Task description –
Each line from the one with "Click the passage" through the end of the records below should be transcribed exactly, and each picture should be skipped.

--- Data for review ---

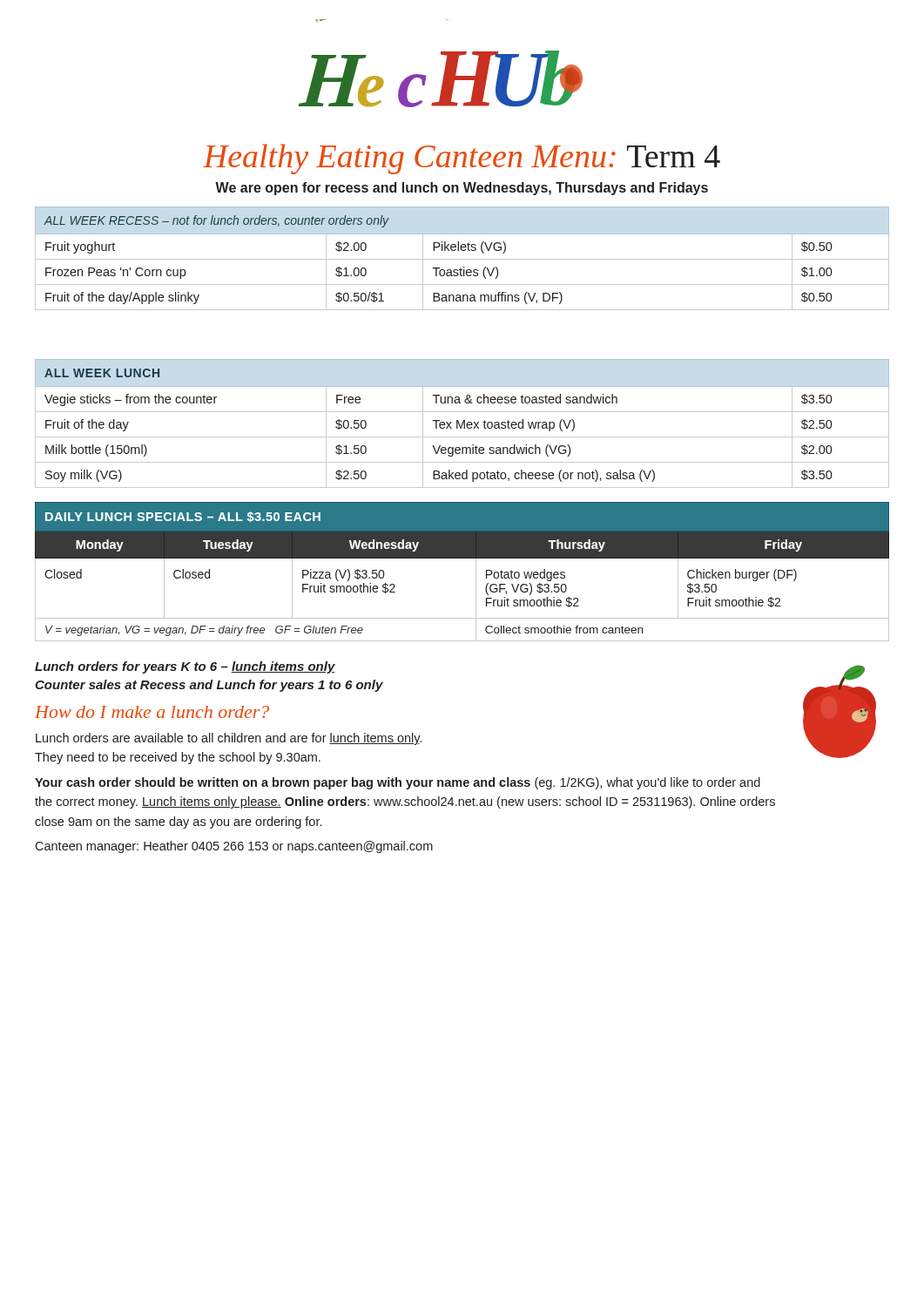Locate the block of text that opens with "Counter sales at"
The width and height of the screenshot is (924, 1307).
click(209, 684)
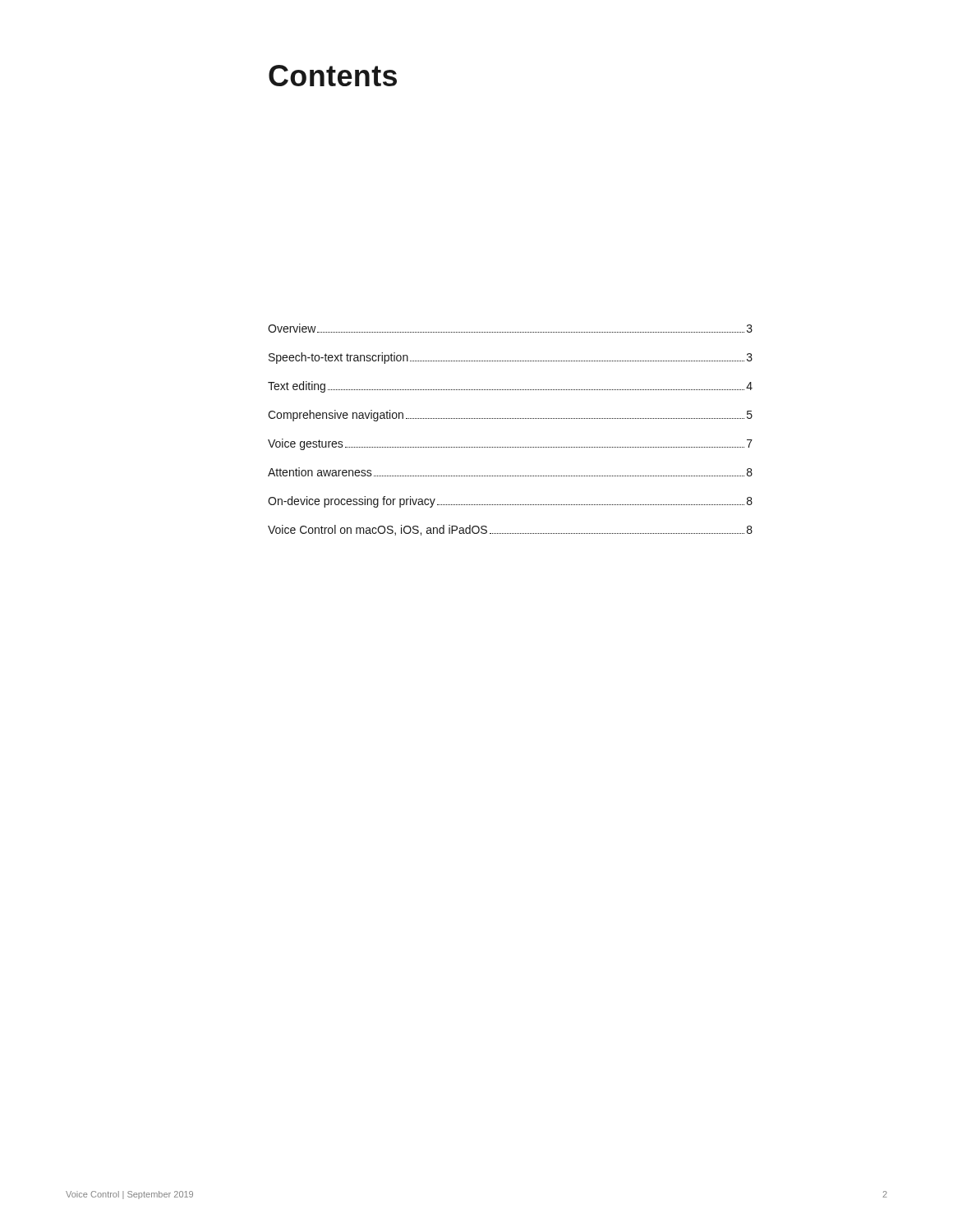Navigate to the block starting "Voice Control on macOS, iOS, and iPadOS"

point(510,530)
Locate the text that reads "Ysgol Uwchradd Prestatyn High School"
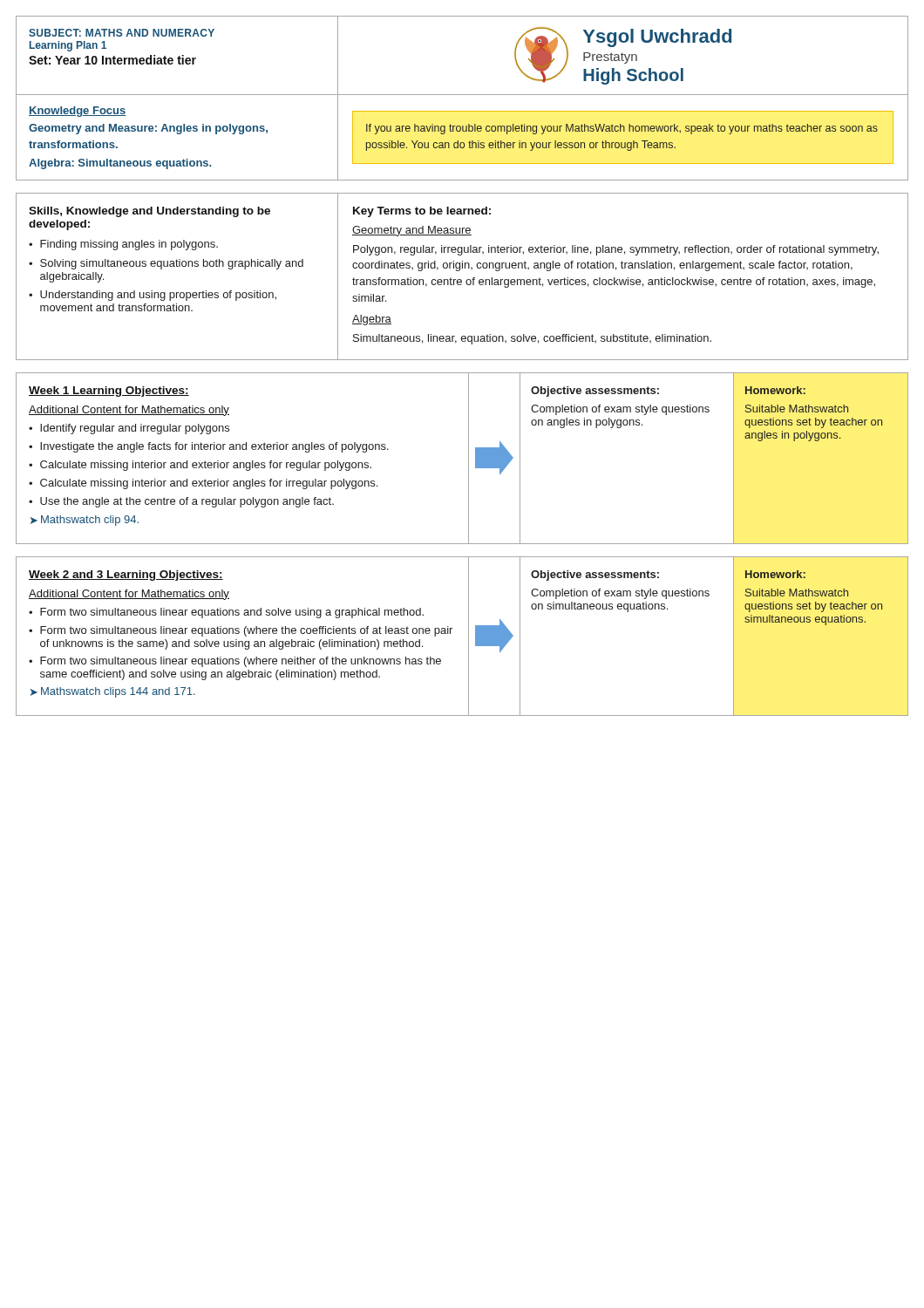924x1308 pixels. tap(657, 38)
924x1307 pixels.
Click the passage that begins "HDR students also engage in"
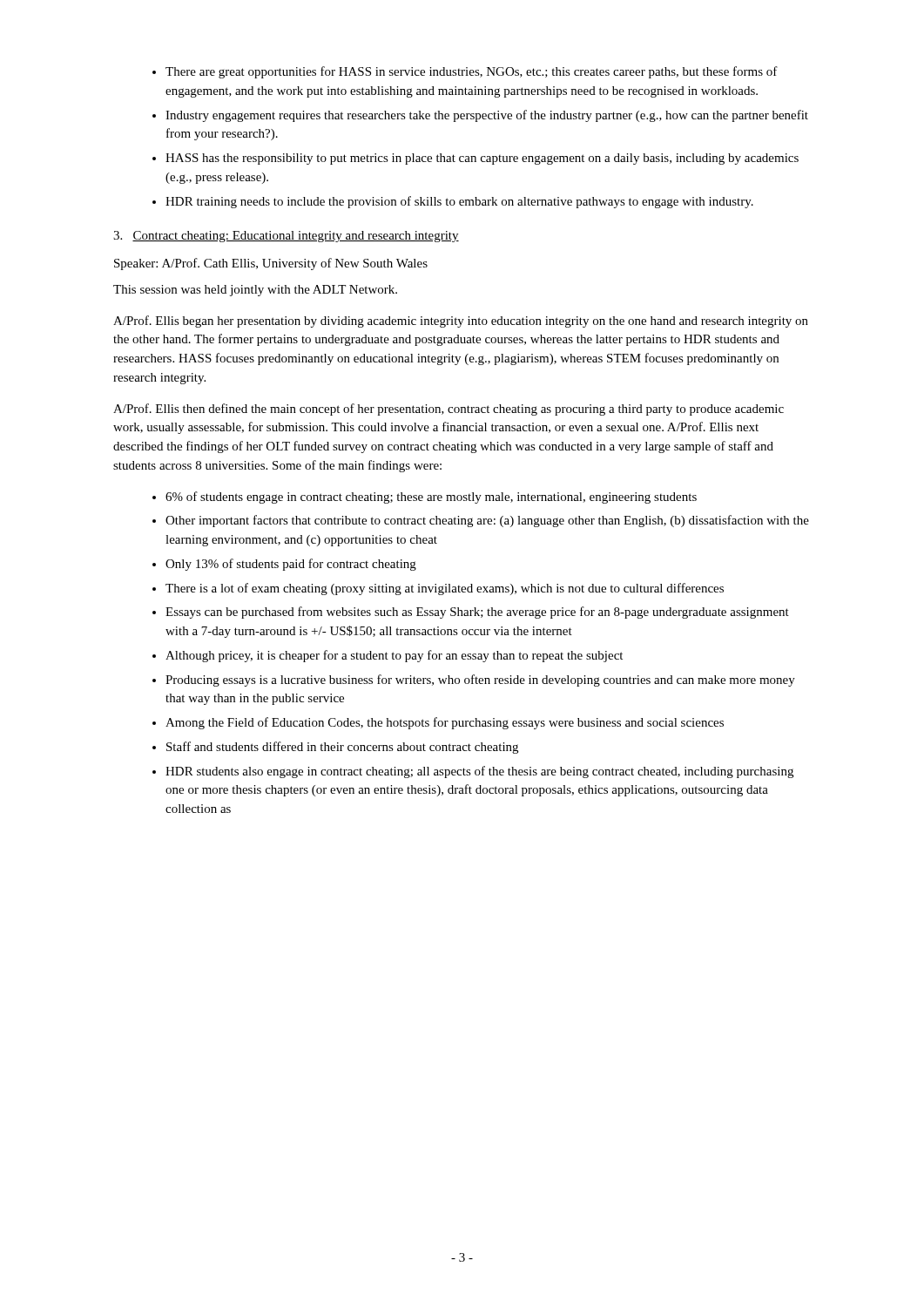(x=488, y=790)

---

The answer –
Click the passage that begins "HDR students also engage in"
(x=488, y=790)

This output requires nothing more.